The Orange Democratic Movement has stood for great things in our country under some of the most inspiring and committed pro-change leaders Kenya has known.

Secretary General Anyang Nyongo, Party Leader Raila Odinga, and the team that worked under them have rendered tremendous leadership to the party and served our country under very difficult circumstances.

I have to acknowledge this from the outset even as I stake claim to the position of Secretary General in the coming party elections. The current leadership has done a great job at making clear what the party stands for. This is not something you can say of many of our parties.

Through Raila in 2007, ODM declared investment in infrastructure its first three priorities.

In government under a hostile coalition arrangement, the country witnessed the greatest investment in infrastructure in our history. ODM was certainly behind this push.

Almost single handedly, ODM defeated a heavily funded and state run attempt to force a bad constitution on Kenyans in 2005. In 2010, ODM brought a new constitution and devolution simply by saying Yes first while others still fumbled.

 

In the Grand Coalition Government, ODM pushed for the most ambitious attempt to bridge poverty and employment gap through targeted cash transfers, food subsidy and employment programme that prioritised those without formal education and training skills but who nevertheless had families and dependants.

Kazi Kwa Vijana was a bold experiment that was bad mouthed and frustrated to death by the jealousies of those in the Grand Coalition.

Interestingly, the forces that ridiculed it as backward and analogue are today talking of creating employment for the youth in irrigated farms and construction of the railway line. It will be the same manual Kazi Kwa Vijana style labour. There is yet no farming and building of railways by computers.

In Government, ODM pushed for greener, cleaner country. The green growth and environmental conservation agenda have almost died with ODM’s exit from government.

I am proud of ODM’s short but rich history. I am even more proud and hopeful about the possibilities for the future under ODM.
ODM is today in opposition. This gives us the chance to have a far-reaching debate that we can only manage while out of government. It gives us a chance to re-organise internally, review our policies in line with the changing expectations, revamp and, above all, achieve a buy in by members into what we want to stand for and how we want to execute it in the years ahead.
ODM has remained the most popular and the only national party in the country from inception to date. Our grassroots reach is unparalleled.

But in 2013, we became a victim of our own success. Our very popularity became our curse. Because of tight time frames, we failed to manage the demand for our ticket. In the process, we lost members to other parties and performed below our expectation in the elections.

Charting the way forward, carrying on with a great tradition and inventing new ways for more appeal to more people are part of the reasons I want to be Secretary General of this great movement.

I intend to help the party re-charge and rediscover its mission of being in touch with people’s concerns.

The Secretary General is in the best position to bring the party principles to life and project party ideology.

I want to help our party give direction to our country.

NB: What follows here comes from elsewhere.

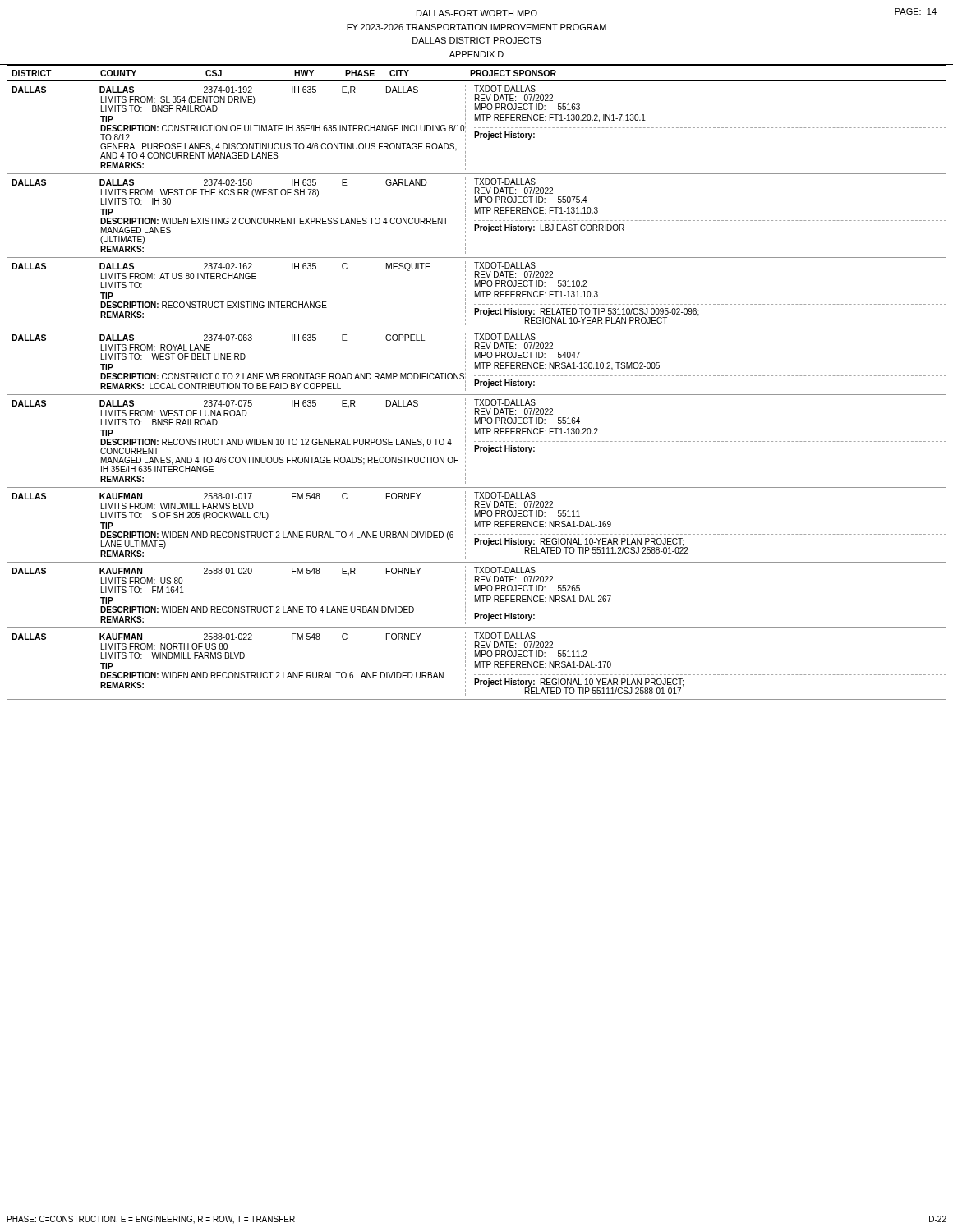This screenshot has width=953, height=1232.
Task: Find the table that mentions "DALLAS KAUFMAN 2588-01-020 FM"
Action: pos(476,595)

Our people need guidance from tested and tried voices of reason now more than ever. Kenyans are getting increasingly frustrated as they struggle daily to make ends meet while the cost of living and insecurity soar.

Thousands of our citizens are wondering whether they will manage to take their children to class one, form one or university or pay rent. Millions are wondering why the economy seems to be growing and working only for a tiny minority.
Millions of Kenyans are wondering how come nothing is changing for them however hard they work. ODM worries daily about these issues. That is why we call ourselves a social democracy that is committed to capitalism with a human face.

I am running for Secretary General, not as the best thing to have happened to ODM, but a first among equals. I want to help my party realize these dreams that are important for Kenyans.

I want to carry forward the goal of making sure our economy works for every Kenyan. I want to carry forward our party’s struggle to secure devolution.

I am confident I can do the job, given my background. I was born and raised in Kwale, a region that has borne the brunt of inequitable distribution of national resources. I therefore naturally fully support devolution. I bring gender dimension to the party.

I have been a lecturer, an administrator and activist

I have both theoretical and practical expertise in my blood. I can deliver for ODM and Kenya.

Dr Agnes Zani is a nominated senator and hails from Kwale County. Until her nomination, she lectured at the University of Nairobi.